PART 6 DUE DILIGENCE AND RECORD-KEEPING
6.1 Sponsoring Firm Obligations
(1) A sponsoring firm must make reasonable efforts to ensure that information submitted by
(a) the firm for a permitted individual; or
(b) a registered individual, or an individual applying for registration, for whom the firm is the sponsoring firm,
is true and complete.
(2) A sponsoring firm must retain all documents used by the firm to satisfy its obligation under subsection (1),
(a) in the case of a permitted individual, for a period of seven years after the individual ceases to be a permitted individual; or
(b) in the case of a registered individual, or an individual applying for registration, for a period of seven years after the individual ceases to be a registered individual with the firm.

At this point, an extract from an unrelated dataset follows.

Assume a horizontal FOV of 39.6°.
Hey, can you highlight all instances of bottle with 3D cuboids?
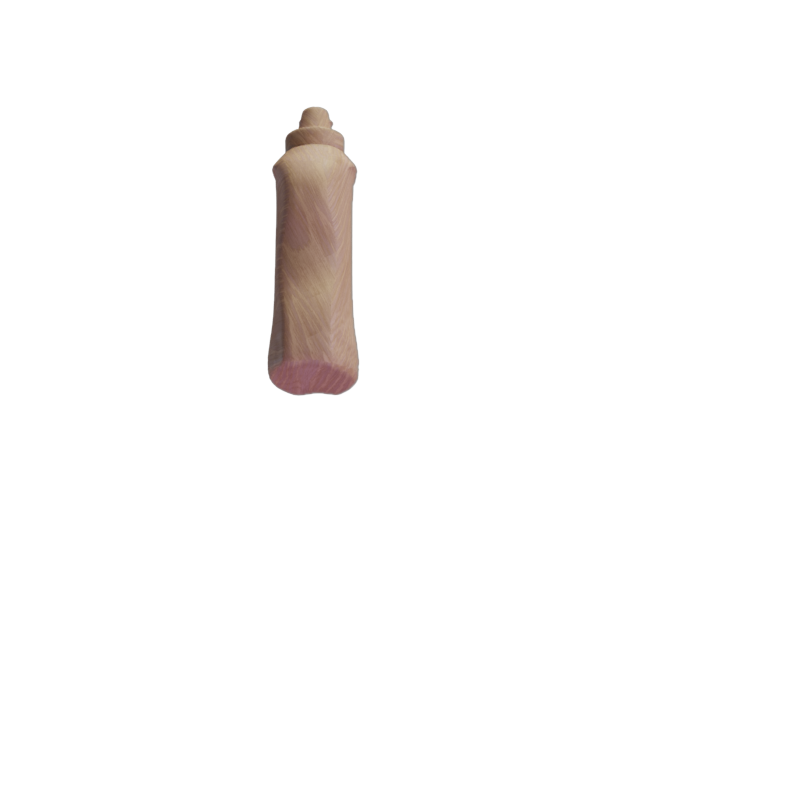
[{"bbox_3d":[-0.057,-0.105,0.735,0.059,0.200,0.091,-2,-18,2],"label":"bottle"}]

(3) Without limiting the generality of subsection (2), if a registered individual, or an individual applying for registration, appoints an agent for service, the sponsoring firm must keep the original Appointment of Agent for Service executed by the individual for the period of time set out in paragraph (2)(b).
(4) A sponsoring firm that retains a document under subsection (2) or (3) in respect of an NRD submission must record the NRD submission number on the document.
PART 7 EXEMPTION
7.1 Exemption
(1) The regulator or the securities regulatory authority may grant an exemption from this Instrument, in whole or in part, subject to such conditions or restrictions as may be imposed in the exemption.
(2) Despite subsection (1), in Ontario, only the regulator may grant such an exemption.
(3) Except in Ontario, an exemption referred to in subsection (1) is granted under the statute referred to in Appendix B of National Instrument 14-101 Definitions, opposite the name of the local jurisdiction.
PART 8 INCONSISTENT PROVISIONS
8.1 Inconsistent Provisions
In Québec, the provisions of this Instrument take precedence over any inconsistent provisions of Title V of the Securities Regulation.